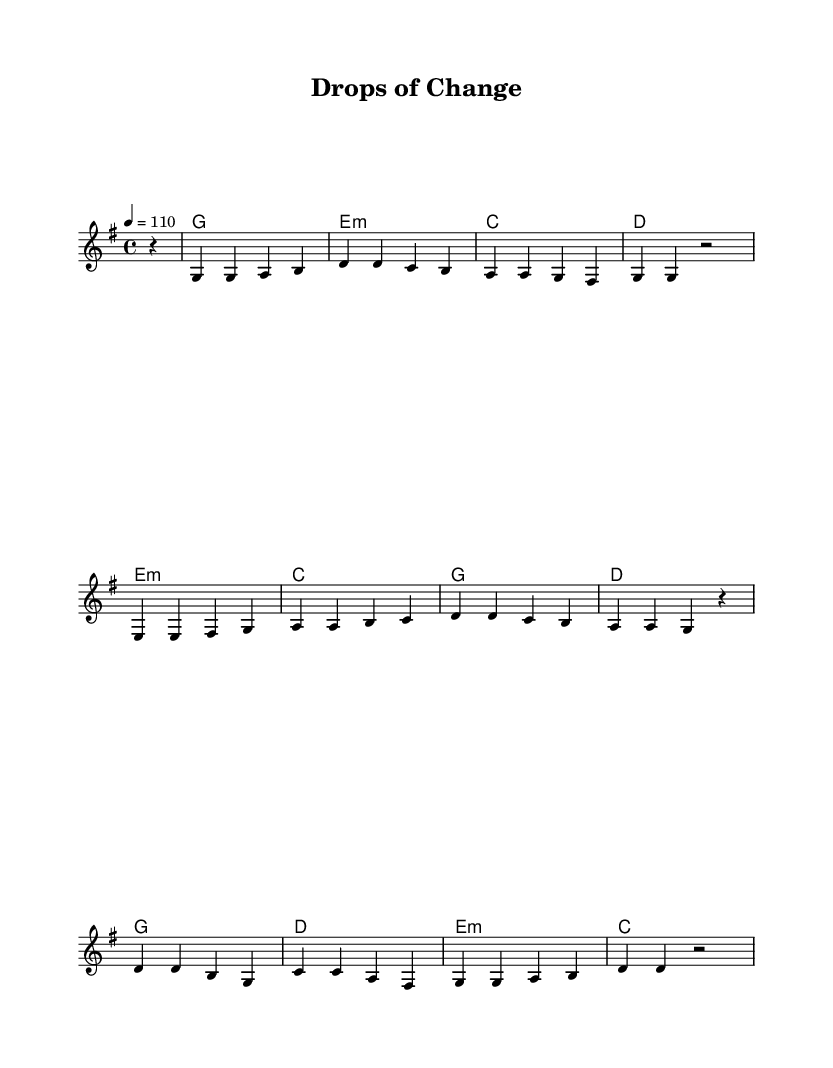What is the key signature of this music? The key signature is G major, which has one sharp (F#). You can identify it at the beginning of the sheet music, where the key signature is displayed.
Answer: G major What is the time signature of this music? The time signature is 4/4, which indicates there are four beats in each measure and the quarter note gets one beat. This is shown near the beginning of the score.
Answer: 4/4 What is the tempo marking for this piece? The tempo marking is 110 beats per minute, indicated in the score right after the time signature. This indicates how fast the piece should be played.
Answer: 110 How many measures are in the Chorus section? The Chorus section consists of four measures, as seen in the notation. Each section is separated by the vertical lines that represent measures, and counting them gives four distinct measures.
Answer: 4 What chord is played in the first measure of the Verse? The chord played in the first measure of the Verse is G major, which is shown in the chord names section above the melody. It identifies the harmonization for that specific measure.
Answer: G Which part of the song starts with the note E? The Pre-Chorus section begins with the note E, visible in the melody line, which leads into the following notes. Identifying the note progression shows this clearly.
Answer: Pre-Chorus How many times is the note D played in the Chorus? The note D is played five times in the Chorus, which can be determined by examining the melody line in that section and counting each occurrence of the note within the specified measures.
Answer: 5 
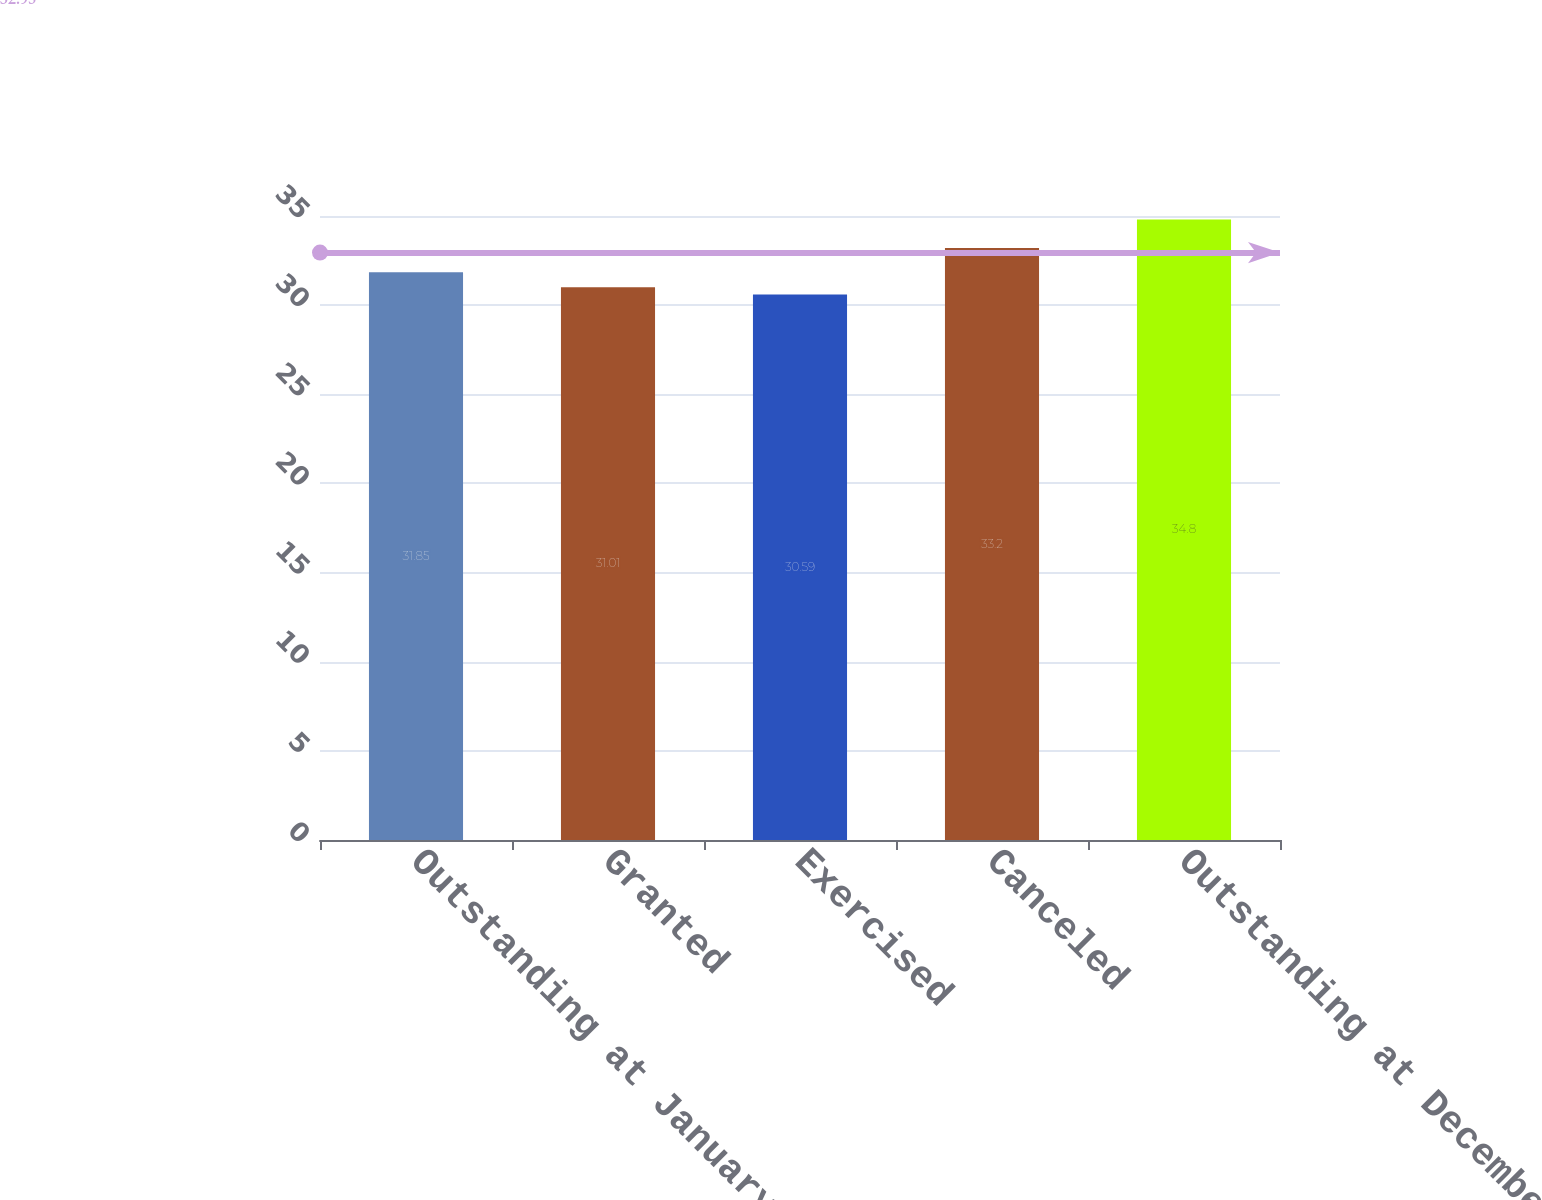<chart> <loc_0><loc_0><loc_500><loc_500><bar_chart><fcel>Outstanding at January 1 2000<fcel>Granted<fcel>Exercised<fcel>Canceled<fcel>Outstanding at December 31<nl><fcel>31.85<fcel>31.01<fcel>30.59<fcel>33.2<fcel>34.8<nl></chart> 
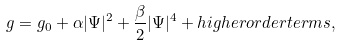Convert formula to latex. <formula><loc_0><loc_0><loc_500><loc_500>g = g _ { 0 } + \alpha | \Psi | ^ { 2 } + \frac { \beta } { 2 } | \Psi | ^ { 4 } + h i g h e r o r d e r t e r m s ,</formula> 
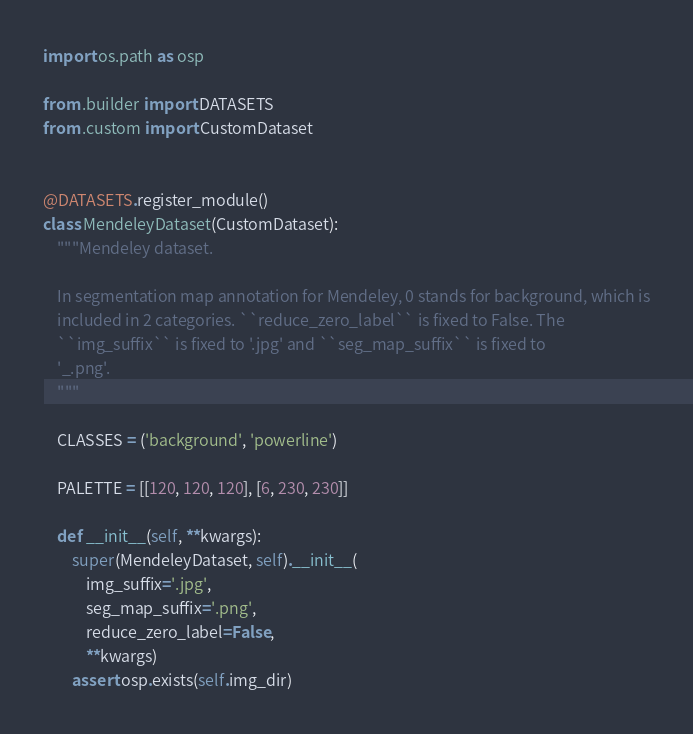<code> <loc_0><loc_0><loc_500><loc_500><_Python_>import os.path as osp

from .builder import DATASETS
from .custom import CustomDataset


@DATASETS.register_module()
class MendeleyDataset(CustomDataset):
    """Mendeley dataset.

    In segmentation map annotation for Mendeley, 0 stands for background, which is
    included in 2 categories. ``reduce_zero_label`` is fixed to False. The
    ``img_suffix`` is fixed to '.jpg' and ``seg_map_suffix`` is fixed to
    '_.png'.
    """

    CLASSES = ('background', 'powerline')

    PALETTE = [[120, 120, 120], [6, 230, 230]]

    def __init__(self, **kwargs):
        super(MendeleyDataset, self).__init__(
            img_suffix='.jpg',
            seg_map_suffix='.png',
            reduce_zero_label=False,
            **kwargs)
        assert osp.exists(self.img_dir)
</code> 
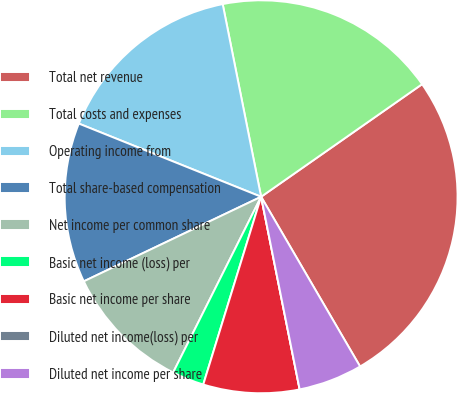Convert chart. <chart><loc_0><loc_0><loc_500><loc_500><pie_chart><fcel>Total net revenue<fcel>Total costs and expenses<fcel>Operating income from<fcel>Total share-based compensation<fcel>Net income per common share<fcel>Basic net income (loss) per<fcel>Basic net income per share<fcel>Diluted net income(loss) per<fcel>Diluted net income per share<nl><fcel>26.31%<fcel>18.42%<fcel>15.79%<fcel>13.16%<fcel>10.53%<fcel>2.63%<fcel>7.9%<fcel>0.0%<fcel>5.26%<nl></chart> 
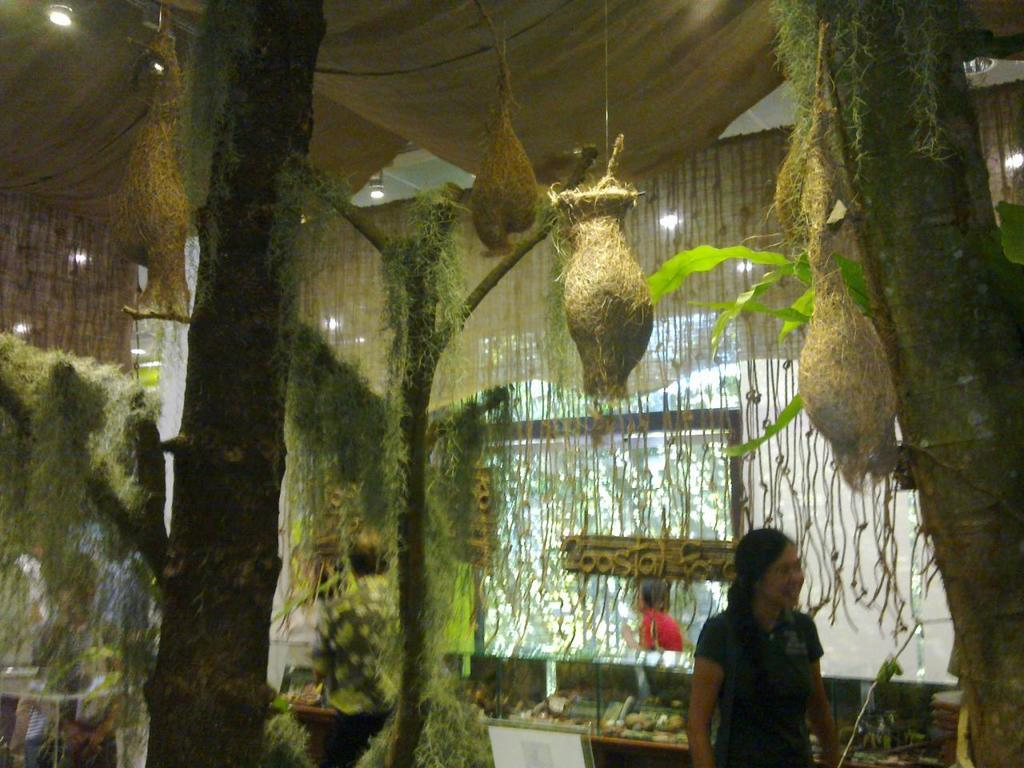Who is present in the image? There is a lady in the image. Where is the lady located in the image? The lady is at the bottom side of the image. What can be seen in the image besides the lady? There are nests in the image. How many trunks are visible on each side of the image? There are two trunks on the right side of the image and two trunks on the left side of the image. What type of basketball game is being played in the image? There is no basketball game present in the image. What is the mass of the lady in the image? It is not possible to determine the mass of the lady from the image alone. 
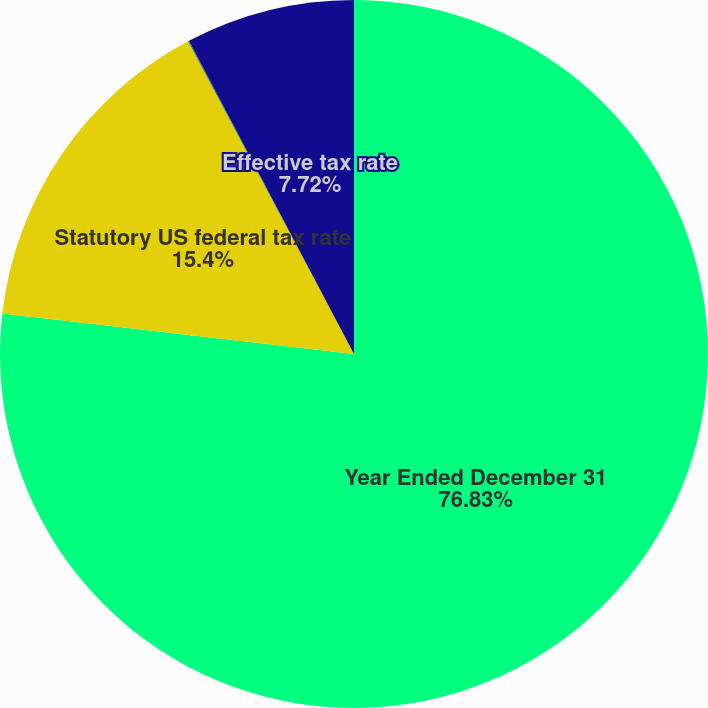<chart> <loc_0><loc_0><loc_500><loc_500><pie_chart><fcel>Year Ended December 31<fcel>Statutory US federal tax rate<fcel>State and local income taxes -<fcel>Effective tax rate<nl><fcel>76.83%<fcel>15.4%<fcel>0.05%<fcel>7.72%<nl></chart> 
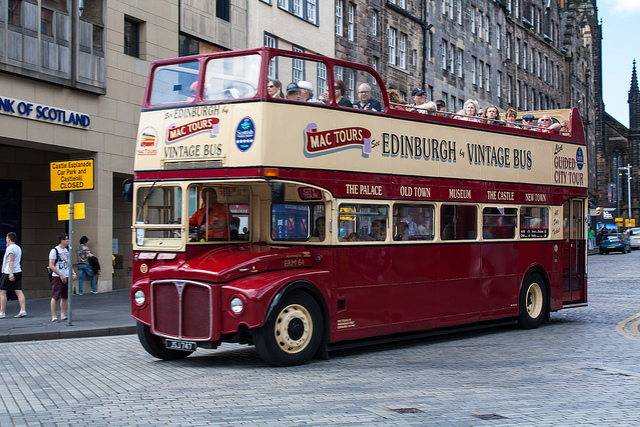<image>What is the woman's name on the bus? It is unknown what the woman's name on the bus is. What fantasy movie has a magic bus similar to this one? I am not sure which fantasy movie has a magic bus similar to this one. It can be 'Harry Potter' or 'Magic School Bus'. What is the woman's name on the bus? I don't know the name of the woman on the bus. It can be either Edin, Mac, Jen, Debra, Sally, Lisa, or Carol. What fantasy movie has a magic bus similar to this one? I am not sure which fantasy movie has a magic bus similar to this one. It can be 'harry potter' or 'magic school bus'. 
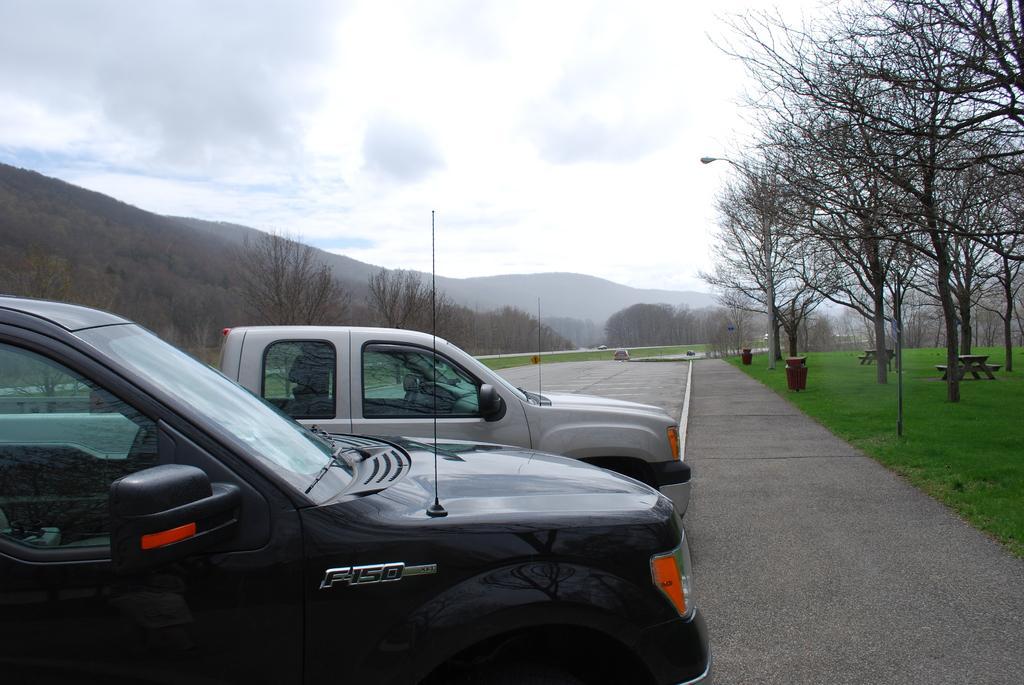Can you describe this image briefly? In this image we can see two cars on the road. On the right side of the image, we can see trees, grassy land and benches. In the background, we can see dry trees and mountains. At the top of the image, we can see the sky covered with clouds.

********************

# YOUR OBJECTIVE
This task calls for the listing to be restated exactly, with images omitted.

# OUTPUT BELOW
What is the key signature of this music? The key signature is G major, which has one sharp (F#). You can identify it at the beginning of the sheet music, where the key signature is displayed.
Answer: G major What is the time signature of this music? The time signature is 4/4, which indicates there are four beats in each measure and the quarter note gets one beat. This is shown near the beginning of the score.
Answer: 4/4 What is the tempo marking for this piece? The tempo marking is 110 beats per minute, indicated in the score right after the time signature. This indicates how fast the piece should be played.
Answer: 110 How many measures are in the Chorus section? The Chorus section consists of four measures, as seen in the notation. Each section is separated by the vertical lines that represent measures, and counting them gives four distinct measures.
Answer: 4 What chord is played in the first measure of the Verse? The chord played in the first measure of the Verse is G major, which is shown in the chord names section above the melody. It identifies the harmonization for that specific measure.
Answer: G Which part of the song starts with the note E? The Pre-Chorus section begins with the note E, visible in the melody line, which leads into the following notes. Identifying the note progression shows this clearly.
Answer: Pre-Chorus How many times is the note D played in the Chorus? The note D is played five times in the Chorus, which can be determined by examining the melody line in that section and counting each occurrence of the note within the specified measures.
Answer: 5 
<chart> <loc_0><loc_0><loc_500><loc_500><bar_chart><fcel>Outstanding at January 1 2000<fcel>Granted<fcel>Exercised<fcel>Canceled<fcel>Outstanding at December 31<nl><fcel>31.85<fcel>31.01<fcel>30.59<fcel>33.2<fcel>34.8<nl></chart> 
Convert formula to latex. <formula><loc_0><loc_0><loc_500><loc_500>g = g _ { 0 } + \alpha | \Psi | ^ { 2 } + \frac { \beta } { 2 } | \Psi | ^ { 4 } + h i g h e r o r d e r t e r m s ,</formula> 
<code> <loc_0><loc_0><loc_500><loc_500><_Python_>import os.path as osp

from .builder import DATASETS
from .custom import CustomDataset


@DATASETS.register_module()
class MendeleyDataset(CustomDataset):
    """Mendeley dataset.

    In segmentation map annotation for Mendeley, 0 stands for background, which is
    included in 2 categories. ``reduce_zero_label`` is fixed to False. The
    ``img_suffix`` is fixed to '.jpg' and ``seg_map_suffix`` is fixed to
    '_.png'.
    """

    CLASSES = ('background', 'powerline')

    PALETTE = [[120, 120, 120], [6, 230, 230]]

    def __init__(self, **kwargs):
        super(MendeleyDataset, self).__init__(
            img_suffix='.jpg',
            seg_map_suffix='.png',
            reduce_zero_label=False,
            **kwargs)
        assert osp.exists(self.img_dir)
</code> 
Convert chart. <chart><loc_0><loc_0><loc_500><loc_500><pie_chart><fcel>Total net revenue<fcel>Total costs and expenses<fcel>Operating income from<fcel>Total share-based compensation<fcel>Net income per common share<fcel>Basic net income (loss) per<fcel>Basic net income per share<fcel>Diluted net income(loss) per<fcel>Diluted net income per share<nl><fcel>26.31%<fcel>18.42%<fcel>15.79%<fcel>13.16%<fcel>10.53%<fcel>2.63%<fcel>7.9%<fcel>0.0%<fcel>5.26%<nl></chart> 
Who is present in the image? There is a lady in the image. Where is the lady located in the image? The lady is at the bottom side of the image. What can be seen in the image besides the lady? There are nests in the image. How many trunks are visible on each side of the image? There are two trunks on the right side of the image and two trunks on the left side of the image. What type of basketball game is being played in the image? There is no basketball game present in the image. What is the mass of the lady in the image? It is not possible to determine the mass of the lady from the image alone. 
<chart> <loc_0><loc_0><loc_500><loc_500><pie_chart><fcel>Year Ended December 31<fcel>Statutory US federal tax rate<fcel>State and local income taxes -<fcel>Effective tax rate<nl><fcel>76.83%<fcel>15.4%<fcel>0.05%<fcel>7.72%<nl></chart> 
<image>What is the woman's name on the bus? It is unknown what the woman's name on the bus is. What fantasy movie has a magic bus similar to this one? I am not sure which fantasy movie has a magic bus similar to this one. It can be 'Harry Potter' or 'Magic School Bus'. What is the woman's name on the bus? I don't know the name of the woman on the bus. It can be either Edin, Mac, Jen, Debra, Sally, Lisa, or Carol. What fantasy movie has a magic bus similar to this one? I am not sure which fantasy movie has a magic bus similar to this one. It can be 'harry potter' or 'magic school bus'. 
Can you describe this image briefly? In this image we can see two cars on the road. On the right side of the image, we can see trees, grassy land and benches. In the background, we can see dry trees and mountains. At the top of the image, we can see the sky covered with clouds.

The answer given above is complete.